The cultural difference between Western and Eastern produces linguistic difference, too. For example, in Korean culture, “my or mine” are rarely used; instead, Koreans usually say “our or us”. Thus, the Korean versions of measures changed “my healthcare” to “our healthcare provider”. Additionally, we faced challenges to find appropriate words that reflect the same meanings. For example, when we translate the words “companionship” into Korean, we found that there are many words that have similar meaning to companionship, but none that are a good fit. Therefore, when we simply changed word-for-word, back translations did not convey the meaning of the original items. We spent much time in our back translation discussions and also in the Executive Committee meetings to find conceptually similar word that reflect the culturally appropriate meaning that is closest to the original meaning.

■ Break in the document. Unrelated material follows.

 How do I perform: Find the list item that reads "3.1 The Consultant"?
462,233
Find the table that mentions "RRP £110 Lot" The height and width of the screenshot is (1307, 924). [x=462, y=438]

Last, we found the generational gap was another important issue in translation. For example, to consider variations in vocabulary across generations, we needed to translate items into vocabulary that is most familiar to AYA. Therefore, in translating measures, translators should consider whether the vocabulary used among adolescents and young adults is reflected in the measures.

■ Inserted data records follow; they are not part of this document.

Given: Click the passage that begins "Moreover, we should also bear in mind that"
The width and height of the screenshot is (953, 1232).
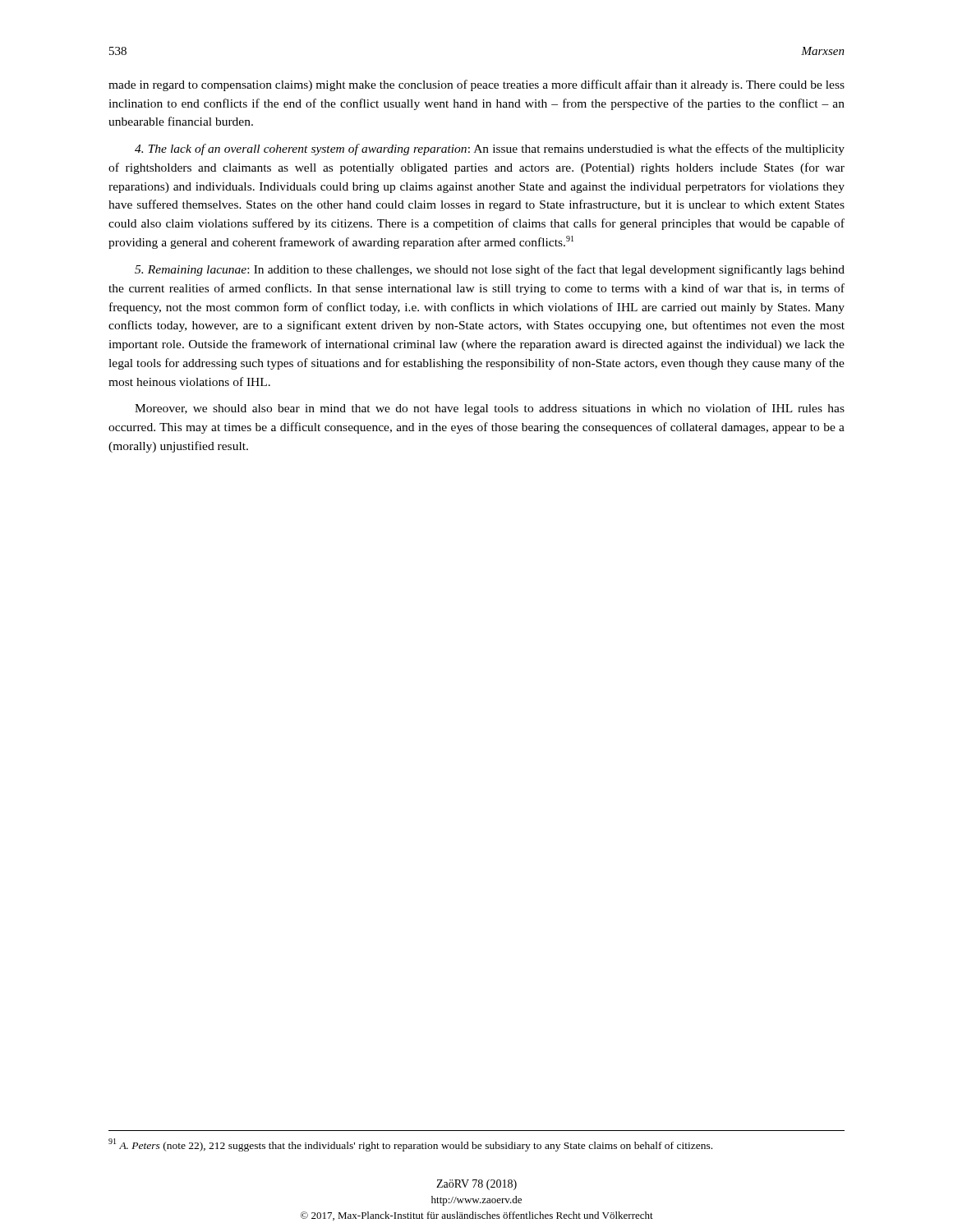Looking at the screenshot, I should (476, 427).
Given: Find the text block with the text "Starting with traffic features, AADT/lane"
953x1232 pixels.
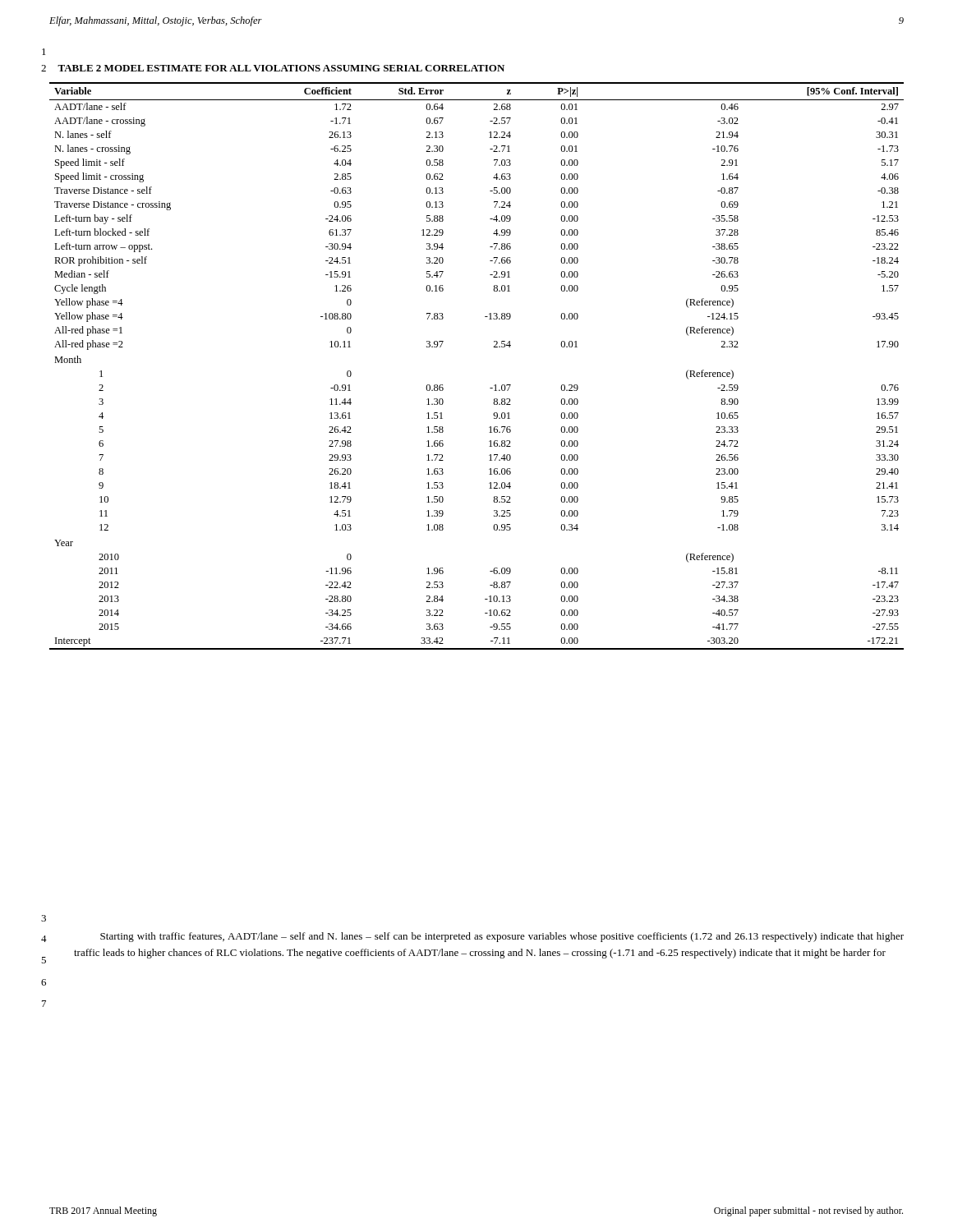Looking at the screenshot, I should click(489, 944).

Suggestions for further cross-cultural works include the following. 1) Use at least two translators: one who is familiar with the terminology and the content of the area covered by the measures, and the second who is knowledgeable about the idiomatic expressions commonly used in targeted languages and target population (Hilton & Skrutkowski, 2002). 2) To resolve discrepancies and enhance cultural adaptation, work with a team that includes multiple expertise in linguistics and instrumentation, and individuals with diverse cultural backgrounds and from diverse disciplines (Epstein et al., 2015). 3) It is important to enhance cultural adaptation during the process of back translation. Although back-translation is a widely recommended method to enhance reliability and validity in translating measurements, employing back-translation receives critique in that it focuses on changing word for word without also focusing on enhancing cultural adaptation (Beck et al., 2003; Hilton & Skrutkowski, 2002). In this global era, increasing the number of cross-cultural research studies is necessary to solve demanding healthcare issues. Successfully translating measures with enhanced cultural adaptation will contribute current knowledge by providing reliable and valid measures through cost and labor effective method. To achieve this goal, researchers should focus on translating the underlying concepts of items rather than translating word-for-word.